The court further highlighted the issue with regard to the transmission of a bulk SMS to the employees and SARS, informing them of the application. The court rejected the averment that same constituted effective service of the application, remitting the Practitioner to the wording of the provision, requiring a “copy of the application” to be furnished on the respective parties. The applicants failed to attach a copy of the whole application, as required by section 346(4A)(a) of the Old Act.
The court further highlighted the applicants failure to comply with the provisions of section 346(4A)(b) of the Old Act, in that Cassim and Van der Merwe, as deponents to the service and compliance affidavits, were, in fact, not the parties who affected service of the application. The application was served by the Sheriff, however there was a failure to place an affidavit, deposed to by the relevant Sheriff, confirming compliance with the relevant provisions. The court fund that the relevant provisions of section 346 are peremptory in nature and, as a result thereof, the affidavit must be deposed to by the person who served the application.
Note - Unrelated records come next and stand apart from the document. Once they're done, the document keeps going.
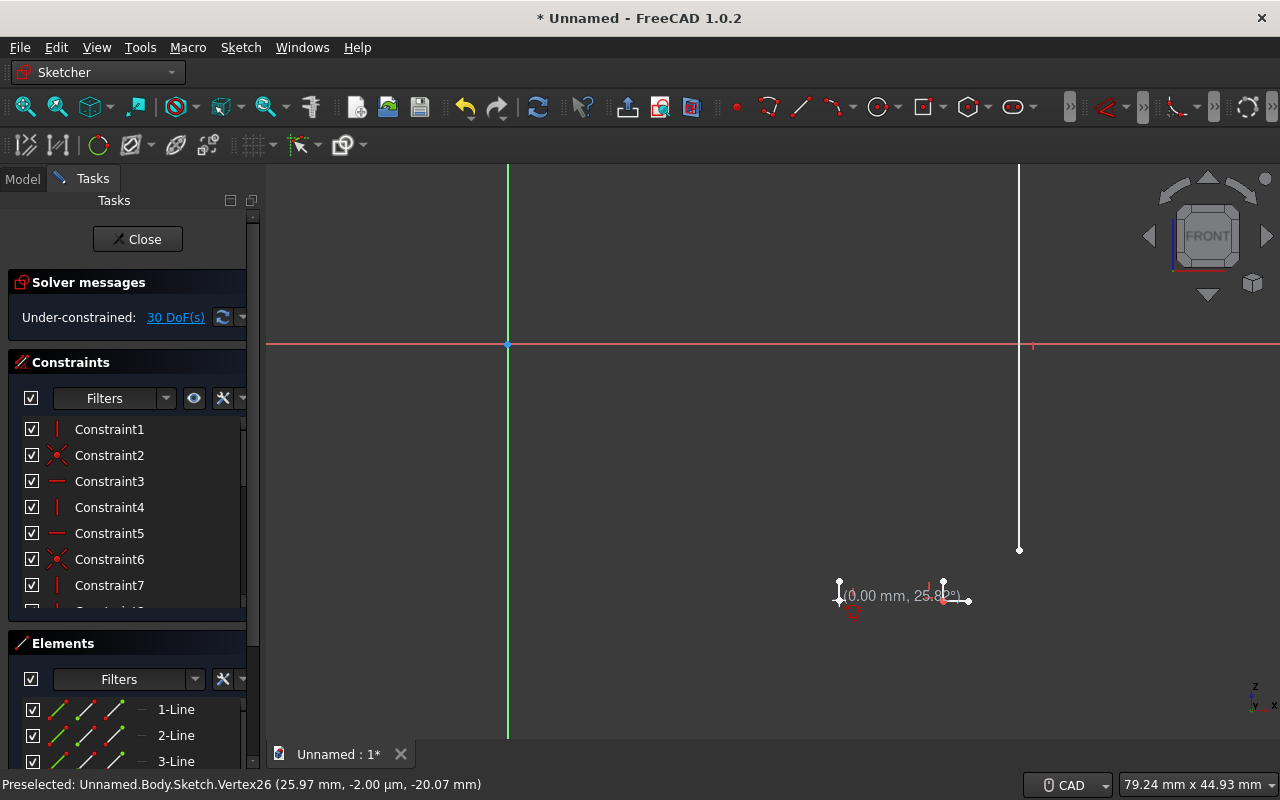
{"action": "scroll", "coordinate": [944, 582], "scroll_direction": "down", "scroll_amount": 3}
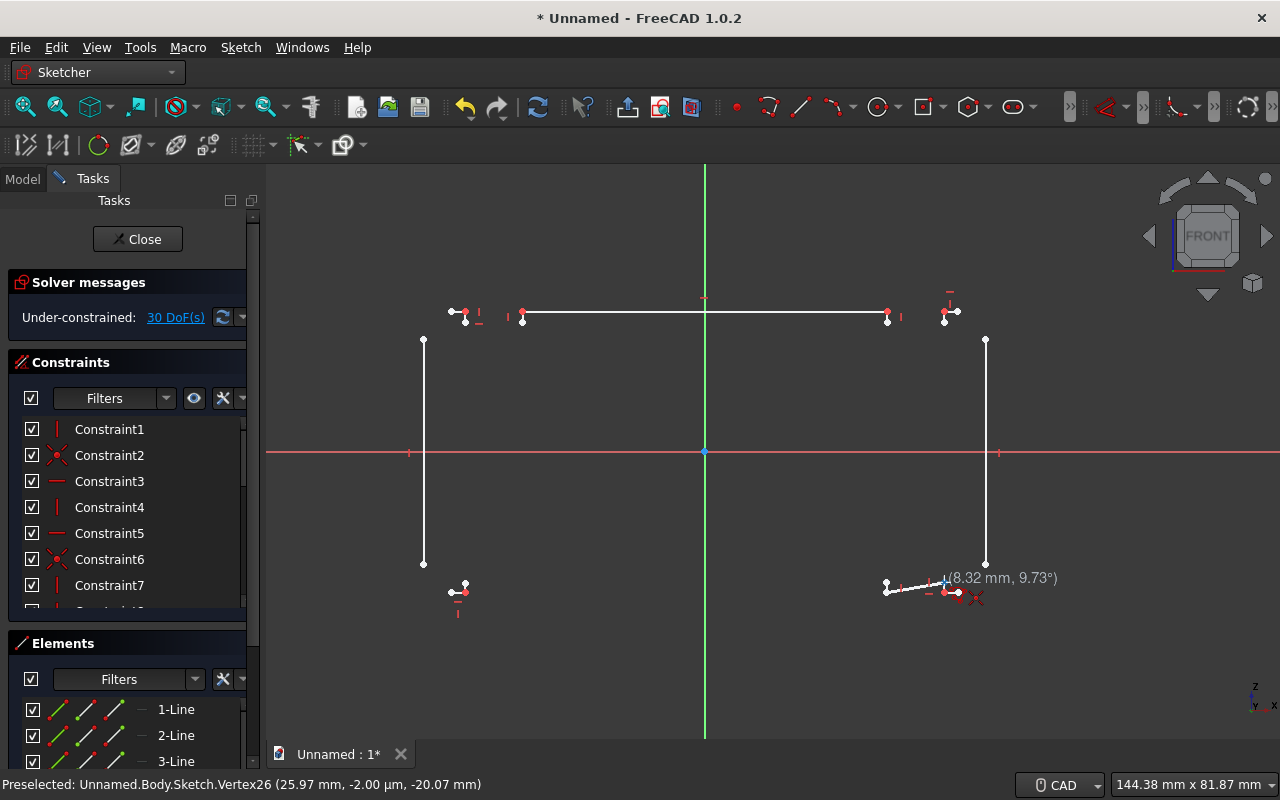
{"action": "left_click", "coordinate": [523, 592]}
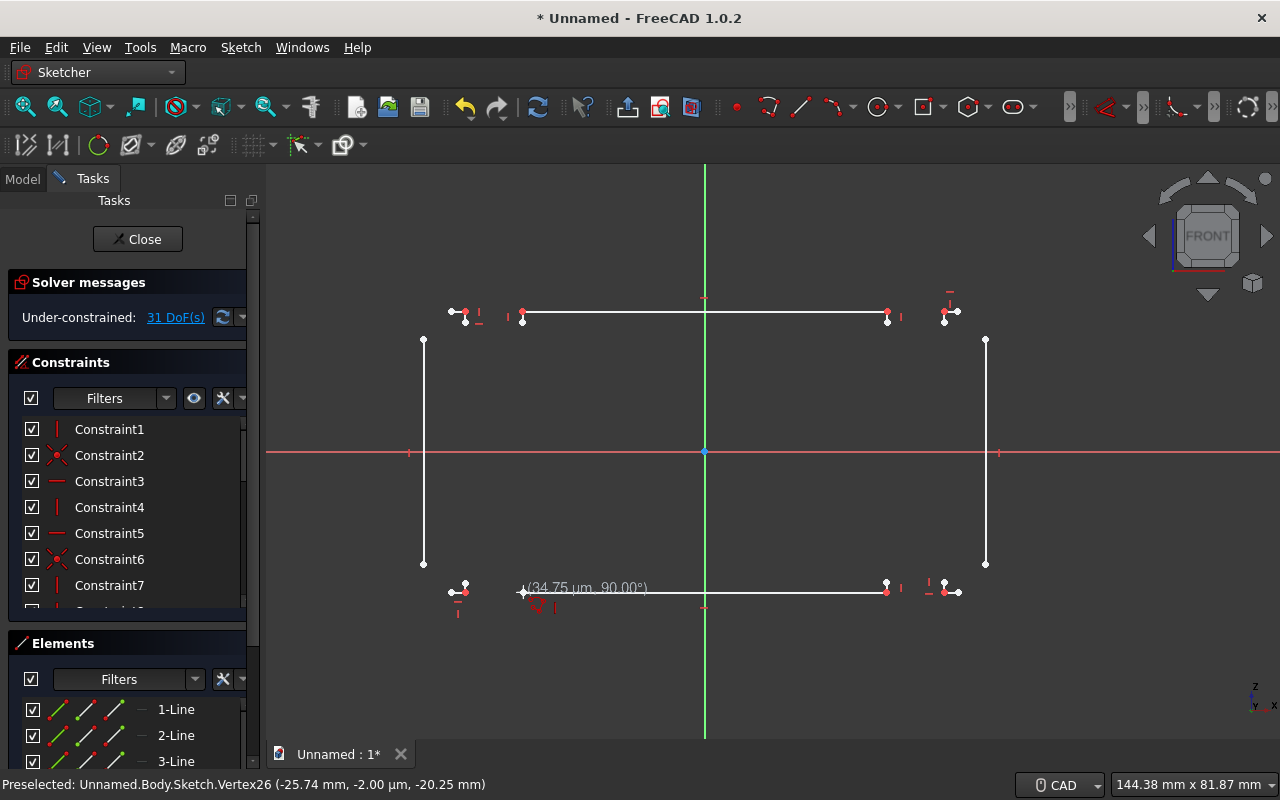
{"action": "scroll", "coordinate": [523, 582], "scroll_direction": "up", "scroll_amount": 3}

The court made reference to the judgment of EB Steam Co (Pty) Ltd v Eskom Holdings Soc Ltd in relation to the argument that the court has the discretion, in instances of urgency or where logistical problems exist, to grant a provisional order, despite the fact the application had not yet been served on the employees of the relevant Company. In distinguishing the aforementioned judgment from the circumstances of this case, the court highlighted that the case does not provide support for an argument that it may condone non-compliance with the provisions of section 346(4A)(b) of the Old Act, even in cases of extreme urgency.
The court stated that the aforementioned judgment is “…authority for the proposition that in urgent matters the Court may consider an affidavit by the person who furnished the application and who did not affix a copy of the application at the premises but who used some other, perhaps more efficient means under the circumstances” [emphasis added]. The court further indicated that, in instances of extreme urgency, it may even condone a failure to strictly comply with all provisions of section 346(4A) of the Old Act, but only when presented with a service affidavit, stating the reasons resulting in the failure to fully comply with the relevant provisions. However, in this instance, where the matter was recognised as urgent by the Court, more than 2 (Two) weeks had passed since the application had been instituted and it was noted that there had been sufficient time within which to comply with the relevant provisions of section 346 (4A)(b).
The court concluded in finding that the affidavit of Cassim, who was not the person who served the application, failed to comply with the section 346(4A)(b) of the Old Act. Furthermore, the bulk SMS failed to remedy any defect in the manner of service of the application, in that the SMS did not contain a copy of the application and no further affidavit was filed justifying any non-compliance with the provisions of section 346(4A)(a)(ii)(aa) and (bb) of the Old Act. As a result thereof, the manner of service of the application could not, in the circumstances, be condoned.
The case provides significant value on the requirements for service of an application to wind-up, highlighting the peremptory nature of section 346(4A) of the Old Act. The case further indicates the instances under which a court may condone non-compliance with certain provisions of the Act.
The court did not condone non-compliance with the manner of service of the application to wind-up in that the applicants had failed to comply with the relevant provisions of the Old Act and thereafter had failed to provide any justification for such failure.
The manner of service of an application to wind-up.